Another hospital visit.

This past weekend, Devin ended up in the hospital again.

It started as an innocent doctor's appointment. After weeks of back and forth on whether we were going to send him for a second opinion, an episode in Wal-Mart sent us into panic and we decided that we would definitely make an appointment.

We went on Friday afternoon for the appointment. It was with a pediatrician in Winterville. We thought we'd go, sit down with her and tell her what we've been seeing and she'd either recommend us to a specialist of some sort or send us home and tell us we've lost our mind.

Instead, she sent us straight to the hospital.

It kind of freaked me out.

First of all, it's hard to explain what exactly is going on with Devin so we always have trouble explaining it because we really don't know. All we know is something isn't right.

This doctor was great. She sat down and talked with us and really let us go through the full story, from birth to now. She stepped out and looked at the hospital records and came back and agreed, the things that happened at the hospital didn't seem right.

It wasn't until she found out about some things in Allen's family that she became concerned enough to admit Devin in the hospital.

Devin has some choking issues and they seem to come from out of the blue. Sometimes he chokes for no reason. He isn't eating or anything. We also have an extremely hard time feeding him. We were told he as acid reflux so our initial thought was that all this mess is attributed to that.

In the hospital after he was born, Allen told the doctor that his family has this esophagul trachea defect in his family. He has had two siblings die with that. Apparently this is when milk goes into the lungs due to some defect. We were concerned Devin had it. The doctor, however, said there was no way he had it because if he did, he would not be able to get the feeding tube in. That made us feel better and we moved on and didn't think twice about it.

However, when we were telling this doctor the story, she got really wide eyed and said that was not true, that there were actually two different types of that defect. A feeding tube would rule out one of them but not the other. That's where she became concerned and sent Devin to the hospital. That, and the fact she was hearing his heart beat on the wrong side. That is something else that is common in Allen's family and I cannot think of the name of it.

Turns out, Devin's organs are in the correct place. Maybe his heart is so giant that you can hear it on the other side!

Everything also checked out for the esophagul thing too.

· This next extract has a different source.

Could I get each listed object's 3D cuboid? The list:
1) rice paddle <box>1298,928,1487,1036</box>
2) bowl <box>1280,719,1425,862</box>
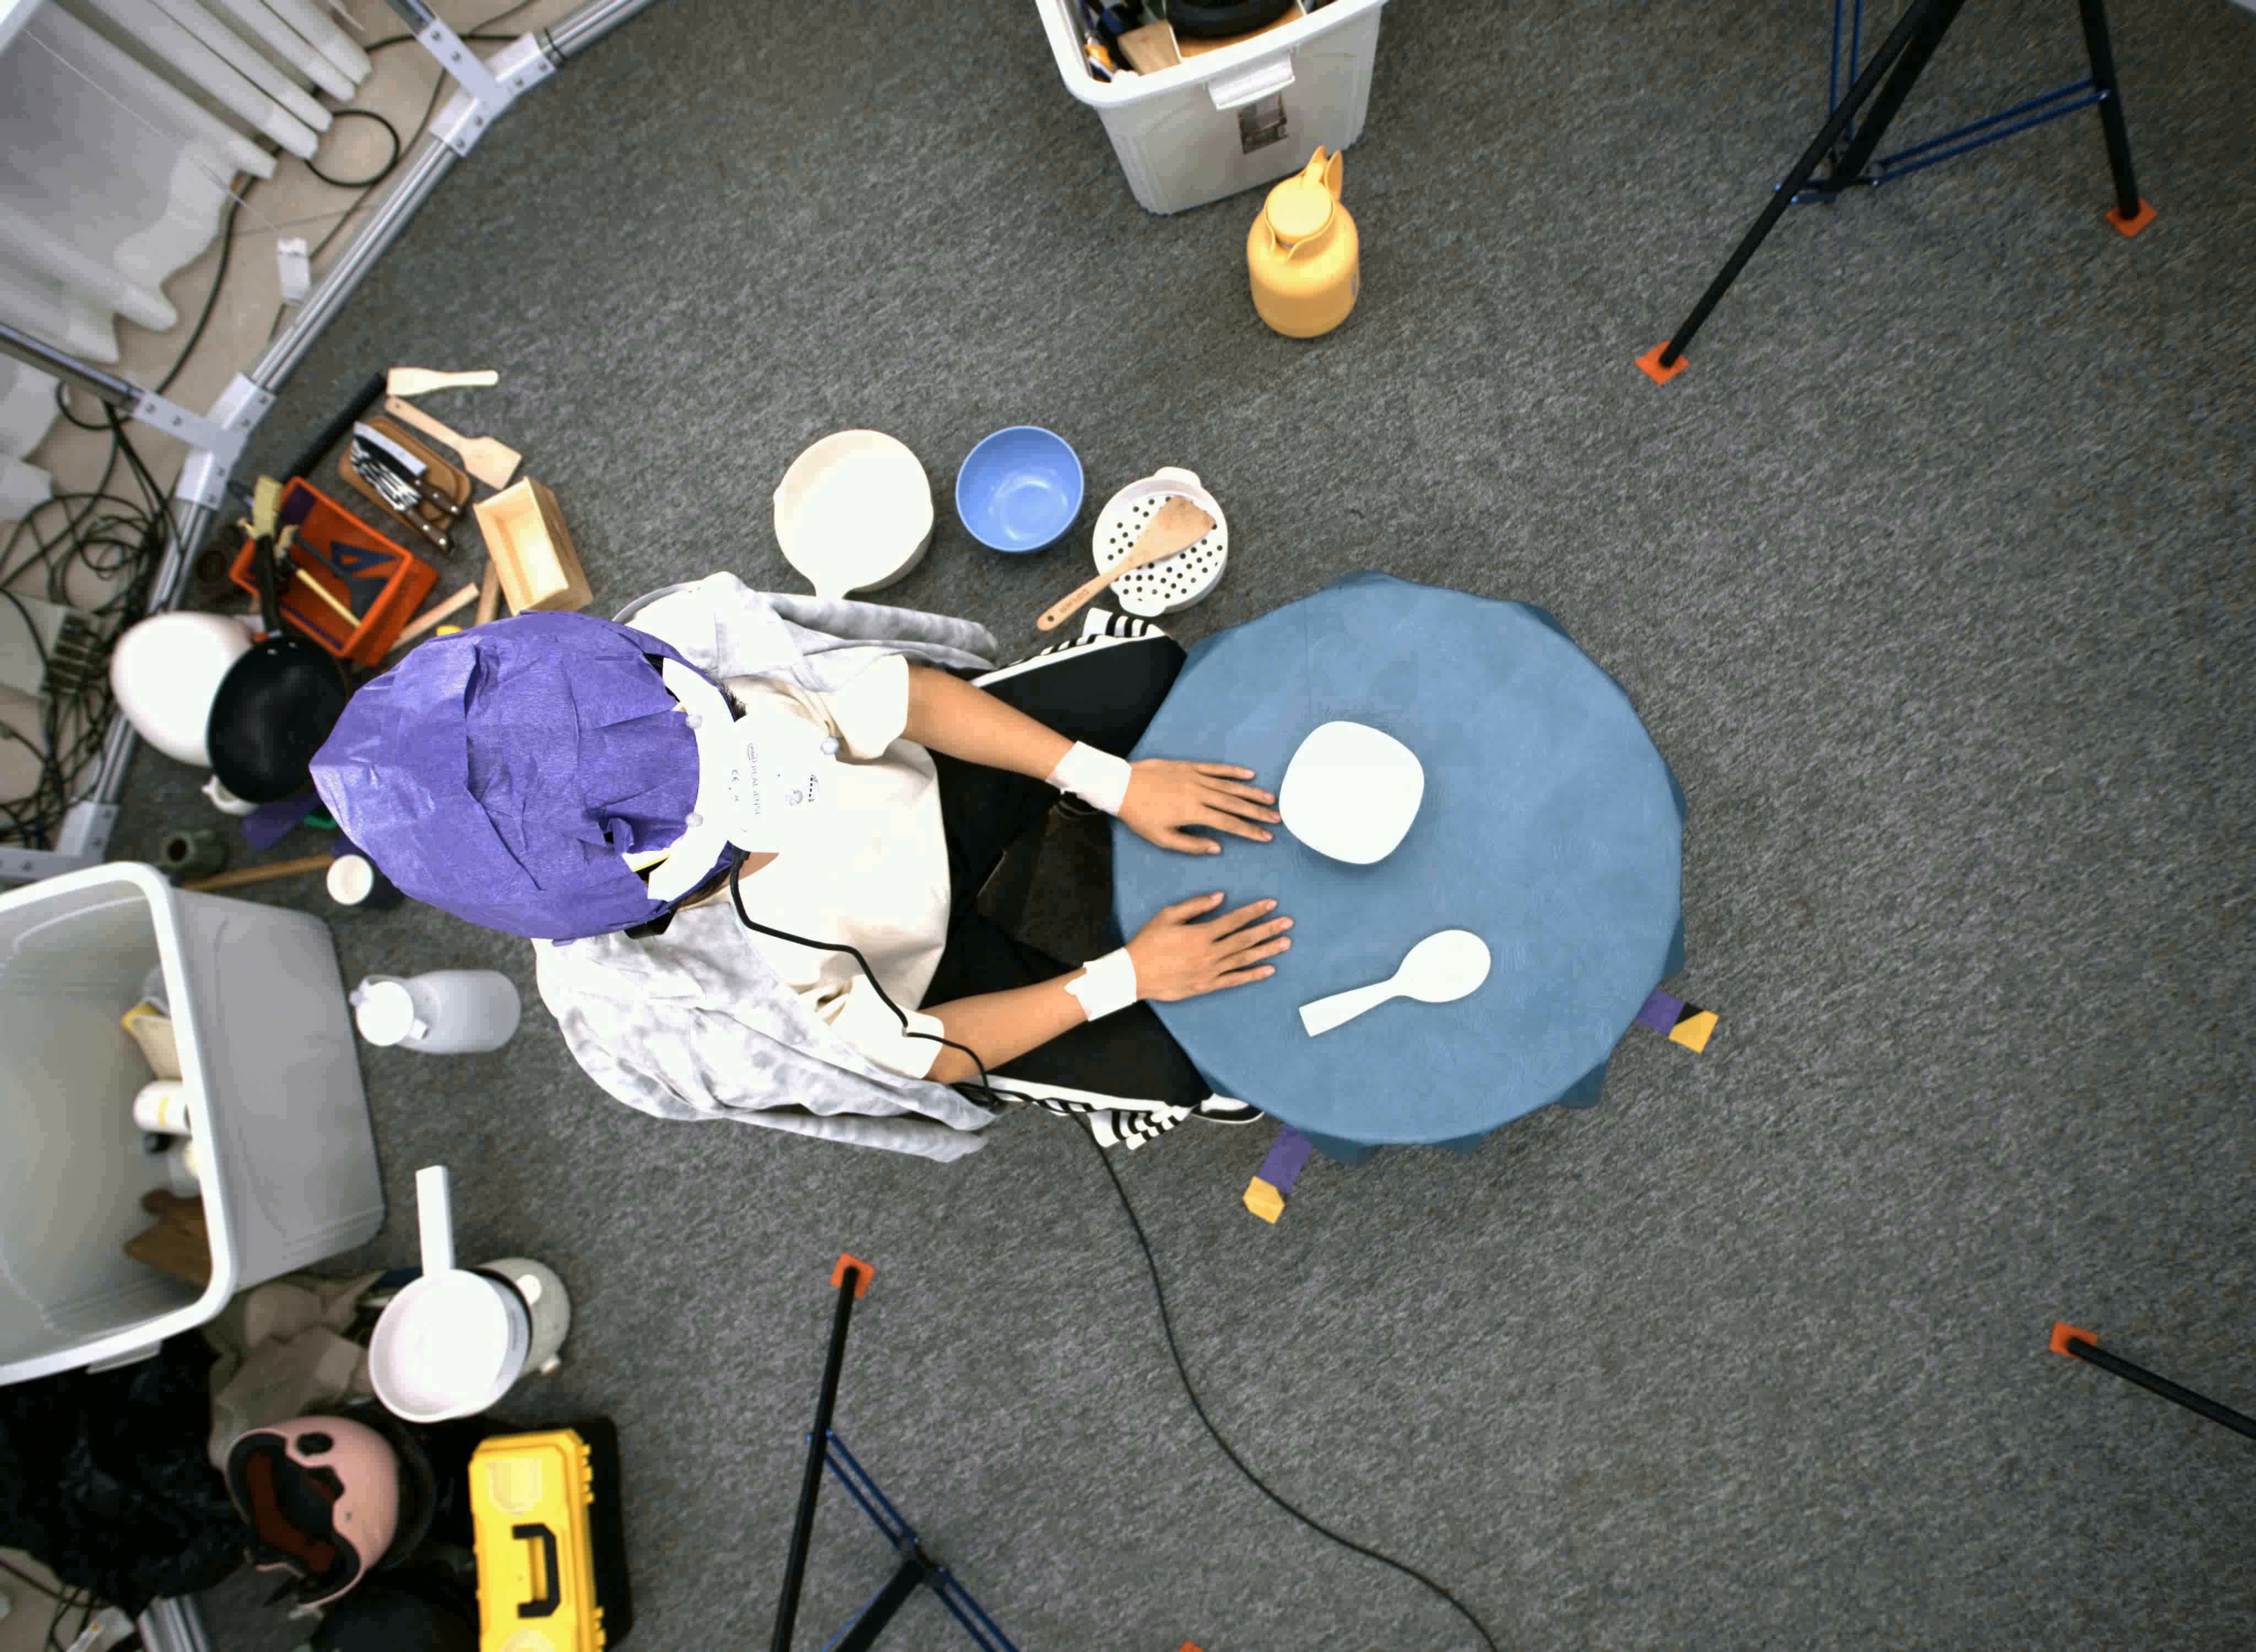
[{"bbox_3d":[0.276,0.163,1.436,0.206,0.029,0.068,-24,84,9],"label":"rice paddle"},{"bbox_3d":[0.234,-0.036,1.440,0.152,0.058,0.151,0,90,9],"label":"bowl"}]

I felt like that would be okay because if it hadn't, Devin would probably not have lived this long. But, I was glad tests were done to 100% rule it out. Devin had to have 2 x-rays and one other test. But all three came back great and ruled out the stuff the doctor was worried about. That's the good news.

The bad news is we still don't know what's going on. It all falls back to severe acid reflux but Devin has not officially been diagnosed with that and I'm not sure he has as severe a case as people think. There's a lot of symptoms that could be acid reflux but there's others than lead me to believe it's not. So, we're left with just waiting to see if things improve. We did have a feeding team come in and talk to us and give us some suggestions on feeding that would maybe help. They looked at Devin and noticed some rashes that could indicate he's allergic to his formula. He's on a special soy formula because there were concerns he was lactose intolerant. So that may be causing some of the issues. But, again, we don't really know.

We go back this week for a follow up and we are hopeful that we'll be able to talk to the doctor a little more and maybe figure some more things out. But until then, it's still a wait and see game.